*TASK ITEM*. State how many lines of the records below contain the word "size", giving the number and nothing else.

*THE RECORDS*.
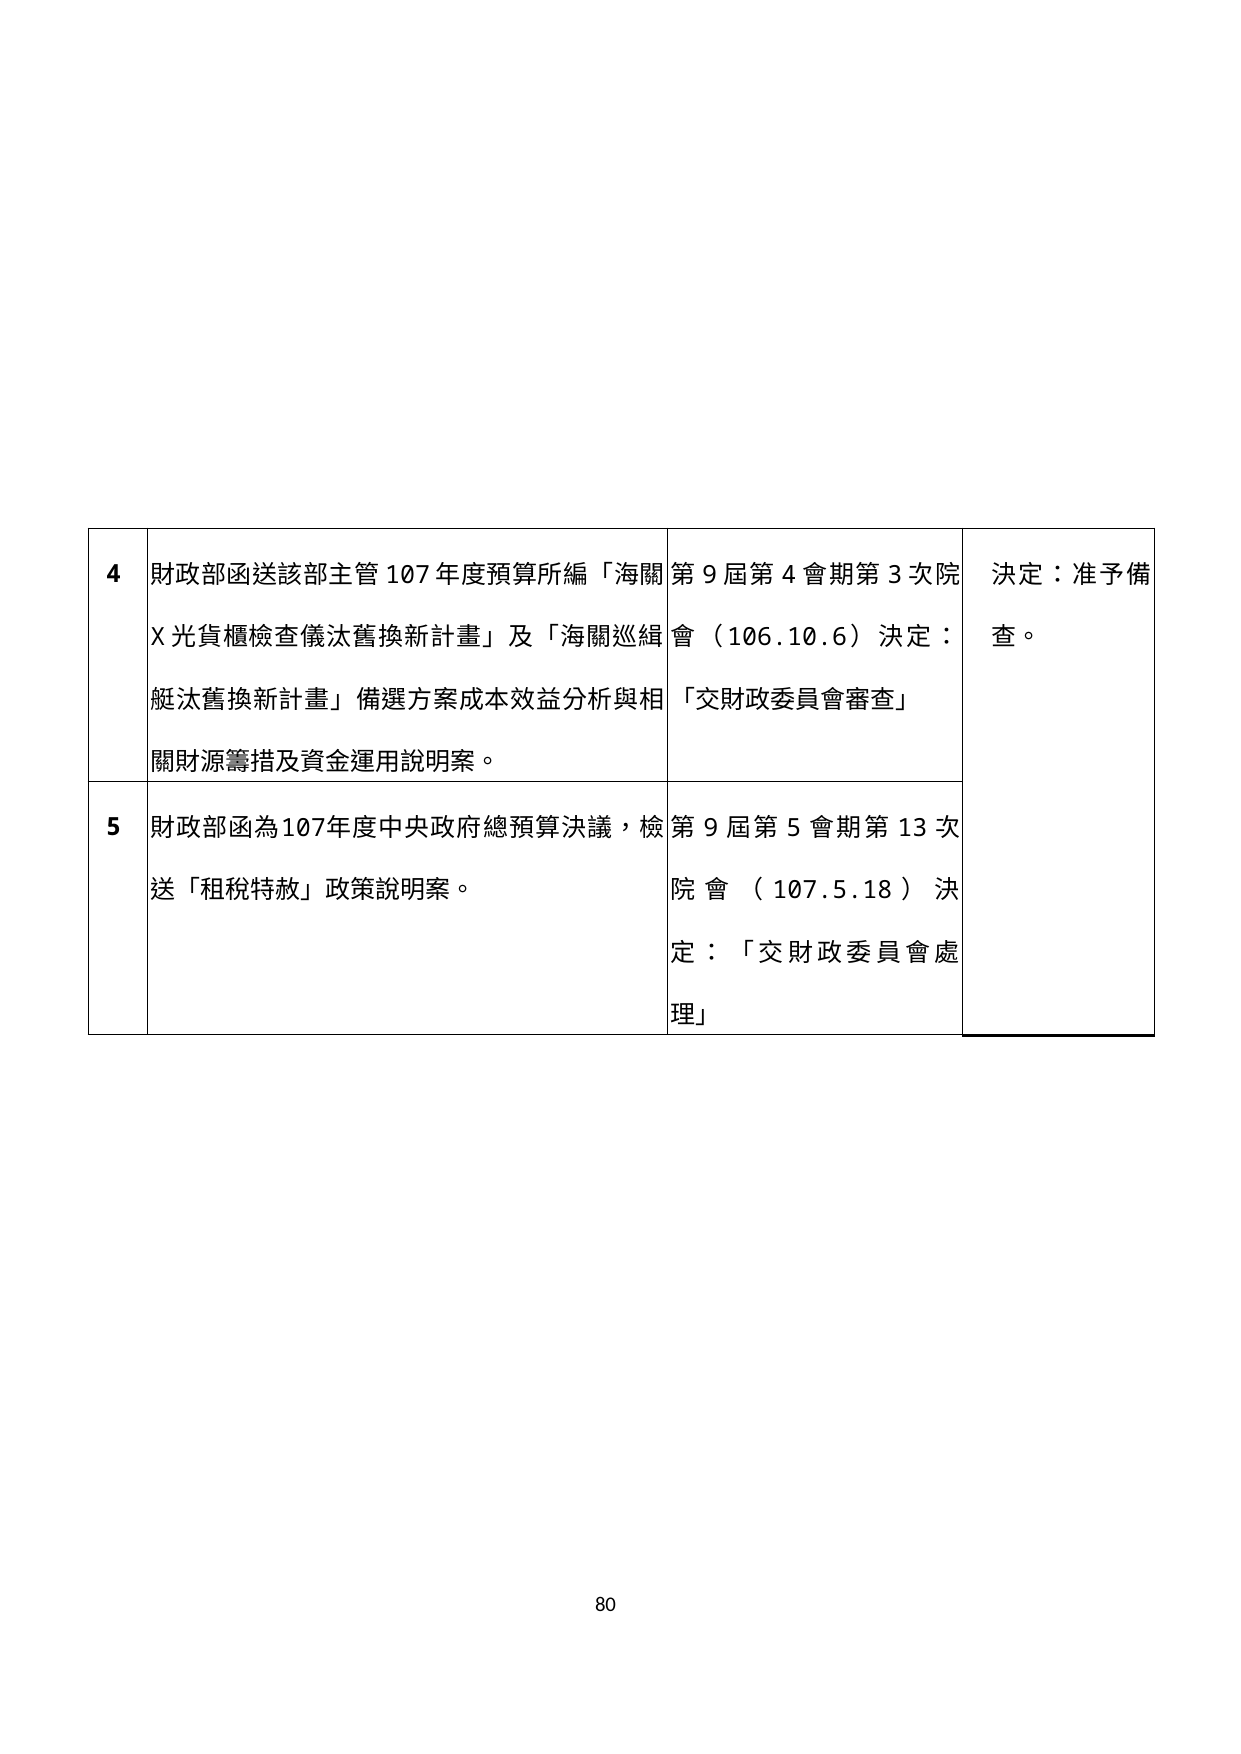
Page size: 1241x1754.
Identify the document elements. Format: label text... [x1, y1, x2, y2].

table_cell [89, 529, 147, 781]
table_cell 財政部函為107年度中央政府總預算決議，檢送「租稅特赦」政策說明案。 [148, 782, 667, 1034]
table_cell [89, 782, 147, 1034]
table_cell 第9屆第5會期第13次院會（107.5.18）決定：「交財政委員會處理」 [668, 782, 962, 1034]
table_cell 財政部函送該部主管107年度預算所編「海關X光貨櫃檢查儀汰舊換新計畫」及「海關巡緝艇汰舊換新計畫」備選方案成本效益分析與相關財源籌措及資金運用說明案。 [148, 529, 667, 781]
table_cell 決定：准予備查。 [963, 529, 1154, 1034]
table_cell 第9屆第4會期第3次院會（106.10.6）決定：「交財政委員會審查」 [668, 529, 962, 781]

--

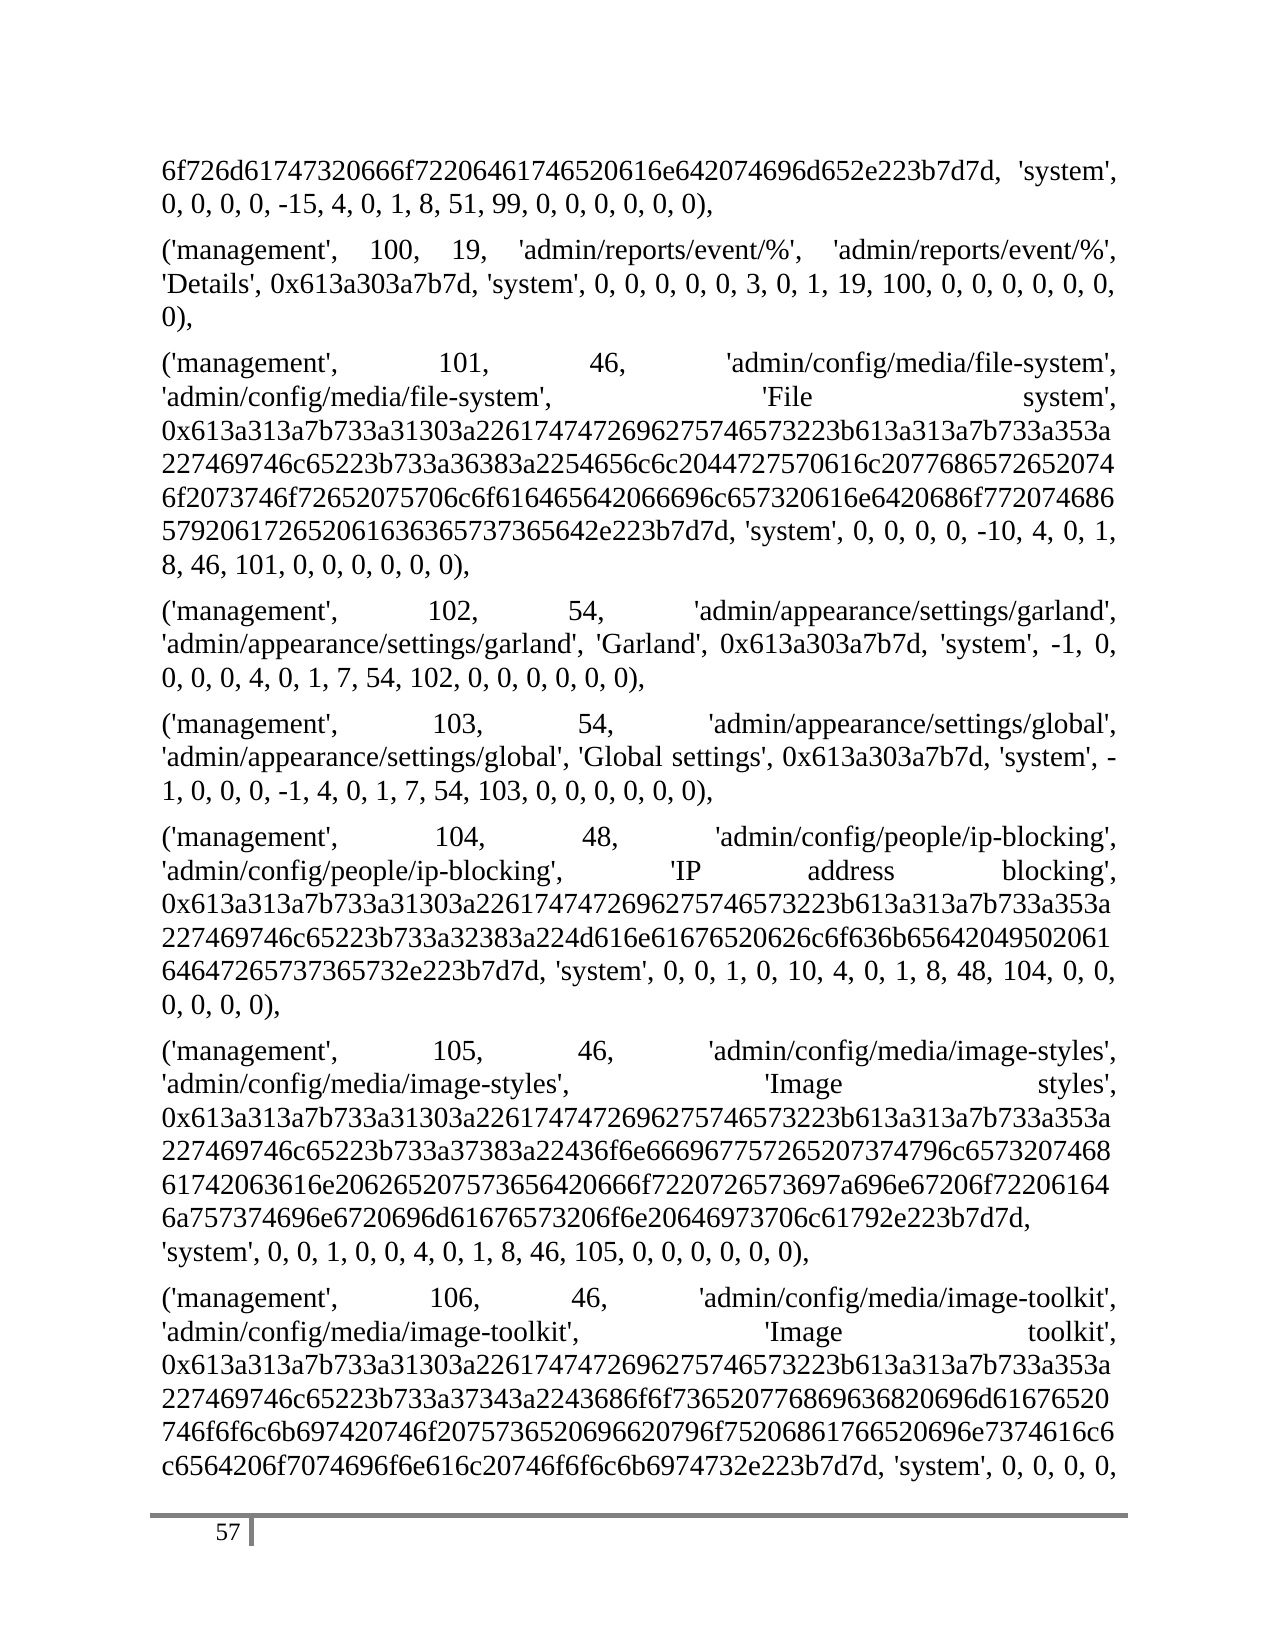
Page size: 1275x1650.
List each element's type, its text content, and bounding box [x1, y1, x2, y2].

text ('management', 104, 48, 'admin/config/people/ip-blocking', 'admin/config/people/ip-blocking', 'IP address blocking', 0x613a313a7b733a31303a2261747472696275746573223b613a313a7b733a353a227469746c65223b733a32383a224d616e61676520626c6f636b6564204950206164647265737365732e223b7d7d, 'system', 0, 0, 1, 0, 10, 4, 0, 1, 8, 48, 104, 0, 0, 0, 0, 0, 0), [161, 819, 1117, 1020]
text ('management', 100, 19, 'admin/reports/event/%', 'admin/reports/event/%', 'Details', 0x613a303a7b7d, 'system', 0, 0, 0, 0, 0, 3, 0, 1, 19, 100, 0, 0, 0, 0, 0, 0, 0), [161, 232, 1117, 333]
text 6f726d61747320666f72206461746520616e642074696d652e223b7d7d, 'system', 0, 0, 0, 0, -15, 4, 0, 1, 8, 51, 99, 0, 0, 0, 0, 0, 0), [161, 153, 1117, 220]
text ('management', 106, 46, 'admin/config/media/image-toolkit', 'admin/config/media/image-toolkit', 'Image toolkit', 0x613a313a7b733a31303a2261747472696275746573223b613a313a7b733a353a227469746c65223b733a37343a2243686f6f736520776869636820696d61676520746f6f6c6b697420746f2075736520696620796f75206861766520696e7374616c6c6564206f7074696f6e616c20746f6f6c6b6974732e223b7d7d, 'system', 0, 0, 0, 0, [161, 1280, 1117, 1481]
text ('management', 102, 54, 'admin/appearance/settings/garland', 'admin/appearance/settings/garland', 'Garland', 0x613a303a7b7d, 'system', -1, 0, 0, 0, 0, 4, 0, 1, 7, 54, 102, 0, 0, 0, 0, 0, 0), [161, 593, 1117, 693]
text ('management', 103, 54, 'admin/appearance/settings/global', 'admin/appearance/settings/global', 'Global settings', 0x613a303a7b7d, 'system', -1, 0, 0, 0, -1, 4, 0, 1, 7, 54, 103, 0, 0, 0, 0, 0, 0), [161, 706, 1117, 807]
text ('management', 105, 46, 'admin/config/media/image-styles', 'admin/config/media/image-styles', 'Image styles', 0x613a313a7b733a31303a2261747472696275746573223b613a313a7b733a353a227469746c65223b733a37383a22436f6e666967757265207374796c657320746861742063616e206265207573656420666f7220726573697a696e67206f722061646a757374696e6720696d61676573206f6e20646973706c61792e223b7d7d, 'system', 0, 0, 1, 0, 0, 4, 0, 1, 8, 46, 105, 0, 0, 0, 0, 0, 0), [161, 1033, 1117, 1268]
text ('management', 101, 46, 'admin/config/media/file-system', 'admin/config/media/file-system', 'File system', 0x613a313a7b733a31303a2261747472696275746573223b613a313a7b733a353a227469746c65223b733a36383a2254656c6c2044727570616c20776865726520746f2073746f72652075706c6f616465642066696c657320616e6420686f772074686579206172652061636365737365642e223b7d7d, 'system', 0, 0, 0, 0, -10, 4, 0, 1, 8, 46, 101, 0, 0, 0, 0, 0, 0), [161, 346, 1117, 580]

---

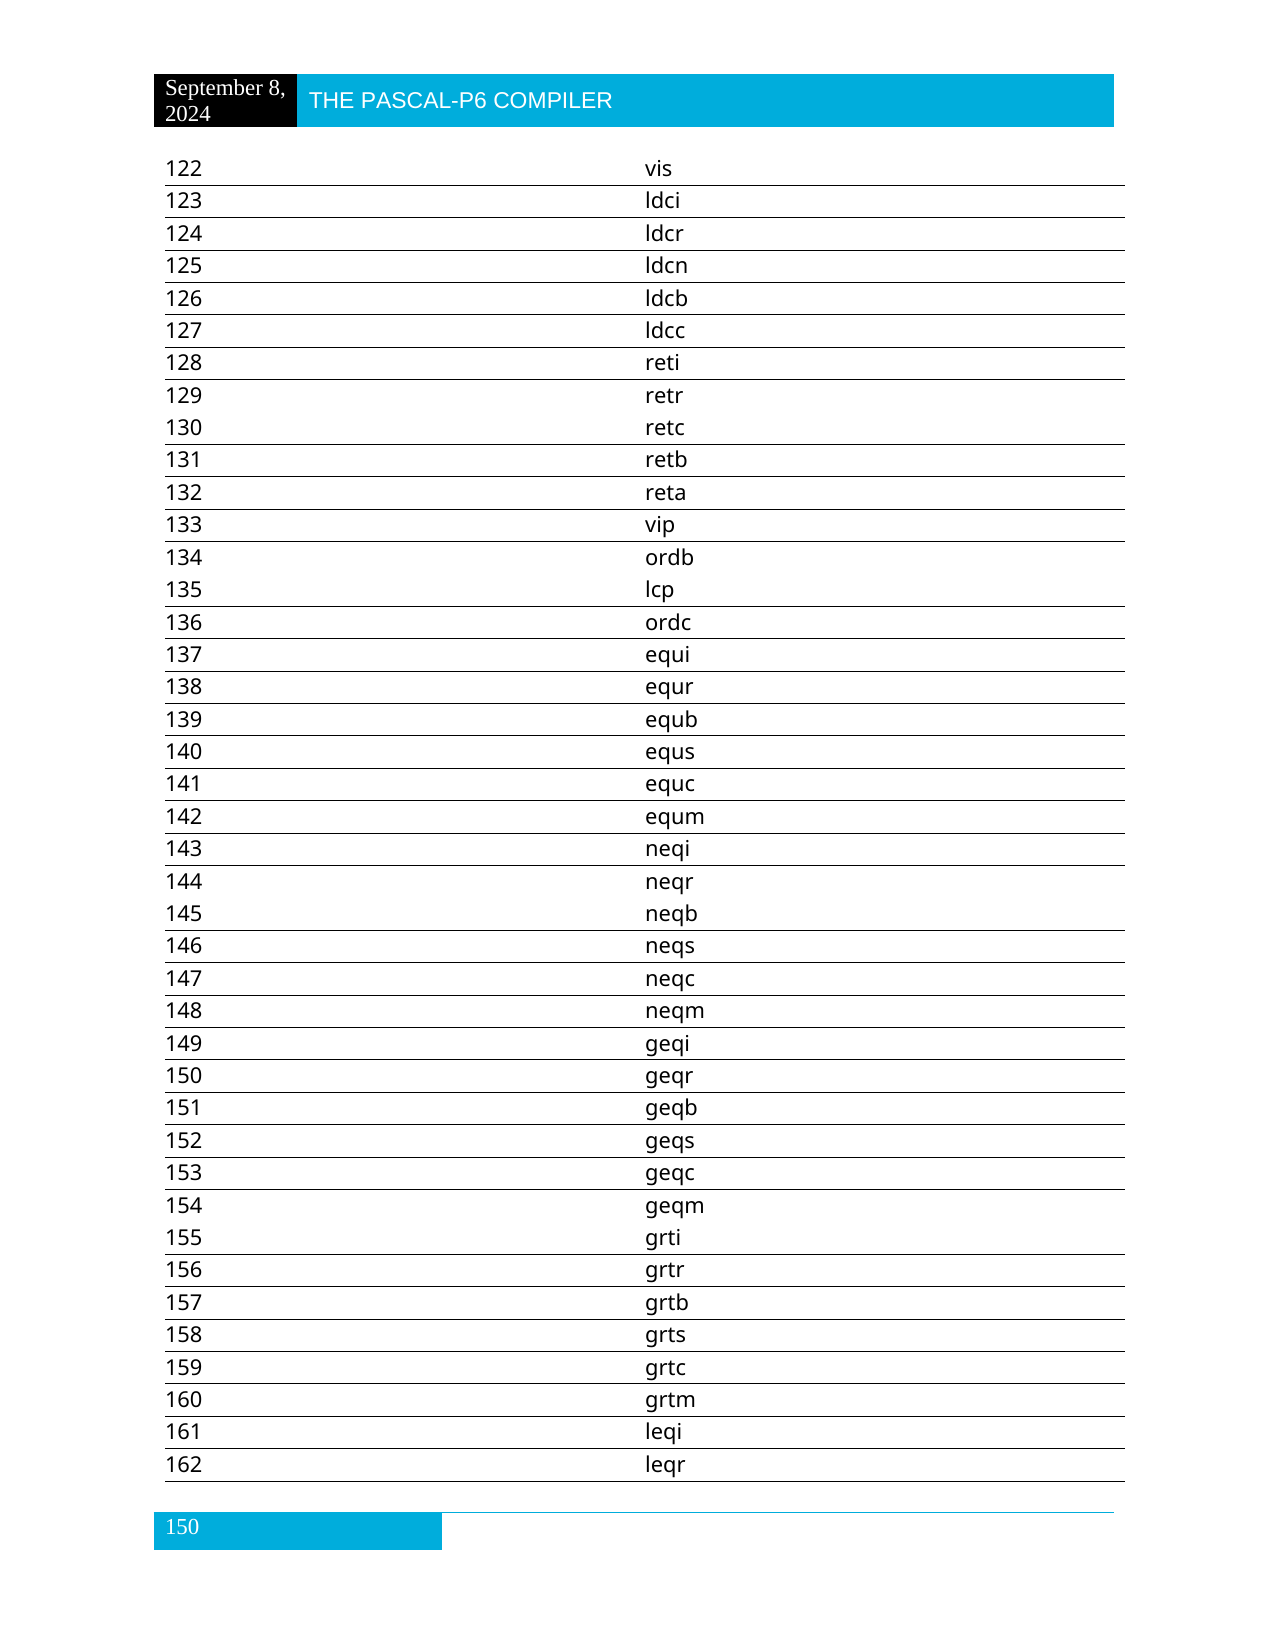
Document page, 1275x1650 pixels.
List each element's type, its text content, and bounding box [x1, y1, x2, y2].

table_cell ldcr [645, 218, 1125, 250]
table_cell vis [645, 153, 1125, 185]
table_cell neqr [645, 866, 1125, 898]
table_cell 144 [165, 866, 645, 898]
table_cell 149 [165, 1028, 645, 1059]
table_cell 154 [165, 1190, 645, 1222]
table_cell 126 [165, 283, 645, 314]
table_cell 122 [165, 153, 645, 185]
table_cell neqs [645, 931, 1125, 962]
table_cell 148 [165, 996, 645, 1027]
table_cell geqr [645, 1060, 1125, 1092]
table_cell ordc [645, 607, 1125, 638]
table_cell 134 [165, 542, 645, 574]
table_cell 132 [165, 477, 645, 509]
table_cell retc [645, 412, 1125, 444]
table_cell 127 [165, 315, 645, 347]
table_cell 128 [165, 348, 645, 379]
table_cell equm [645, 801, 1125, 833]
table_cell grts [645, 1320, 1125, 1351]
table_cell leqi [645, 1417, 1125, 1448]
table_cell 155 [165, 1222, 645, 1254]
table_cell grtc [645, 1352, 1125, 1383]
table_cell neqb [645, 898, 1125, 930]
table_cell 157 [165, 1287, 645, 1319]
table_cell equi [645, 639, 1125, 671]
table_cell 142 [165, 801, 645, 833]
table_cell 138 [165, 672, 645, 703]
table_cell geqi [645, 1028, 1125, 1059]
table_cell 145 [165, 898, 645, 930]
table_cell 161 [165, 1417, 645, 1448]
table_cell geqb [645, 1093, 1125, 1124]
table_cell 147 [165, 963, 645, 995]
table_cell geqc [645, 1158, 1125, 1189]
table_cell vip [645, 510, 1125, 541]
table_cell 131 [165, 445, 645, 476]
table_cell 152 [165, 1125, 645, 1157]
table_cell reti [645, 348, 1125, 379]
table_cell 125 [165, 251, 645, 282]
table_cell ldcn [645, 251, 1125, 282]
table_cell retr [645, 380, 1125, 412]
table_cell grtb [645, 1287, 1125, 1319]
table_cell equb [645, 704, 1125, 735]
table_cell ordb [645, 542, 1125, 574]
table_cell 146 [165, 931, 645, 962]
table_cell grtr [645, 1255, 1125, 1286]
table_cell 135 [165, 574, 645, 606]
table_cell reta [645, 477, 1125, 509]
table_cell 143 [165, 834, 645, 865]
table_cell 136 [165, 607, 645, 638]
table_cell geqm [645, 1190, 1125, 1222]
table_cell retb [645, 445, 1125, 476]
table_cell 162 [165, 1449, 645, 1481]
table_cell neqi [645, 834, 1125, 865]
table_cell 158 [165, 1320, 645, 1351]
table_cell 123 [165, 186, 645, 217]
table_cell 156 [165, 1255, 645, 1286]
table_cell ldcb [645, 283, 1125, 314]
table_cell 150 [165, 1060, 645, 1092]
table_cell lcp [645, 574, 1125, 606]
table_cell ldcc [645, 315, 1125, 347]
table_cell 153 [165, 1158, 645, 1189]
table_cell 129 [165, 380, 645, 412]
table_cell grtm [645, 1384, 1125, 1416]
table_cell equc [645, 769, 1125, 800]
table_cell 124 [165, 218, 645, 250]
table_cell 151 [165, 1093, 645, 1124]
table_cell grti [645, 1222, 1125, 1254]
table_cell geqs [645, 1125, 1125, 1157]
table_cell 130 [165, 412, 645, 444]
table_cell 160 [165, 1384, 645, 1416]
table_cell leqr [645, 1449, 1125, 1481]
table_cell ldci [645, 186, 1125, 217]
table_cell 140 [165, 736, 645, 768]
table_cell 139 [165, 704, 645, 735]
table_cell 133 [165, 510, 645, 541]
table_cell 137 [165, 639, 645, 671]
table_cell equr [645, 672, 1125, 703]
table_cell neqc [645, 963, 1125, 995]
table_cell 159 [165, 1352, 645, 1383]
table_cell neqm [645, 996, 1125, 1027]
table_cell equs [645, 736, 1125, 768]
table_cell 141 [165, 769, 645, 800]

*TASK RESPONSE*. 2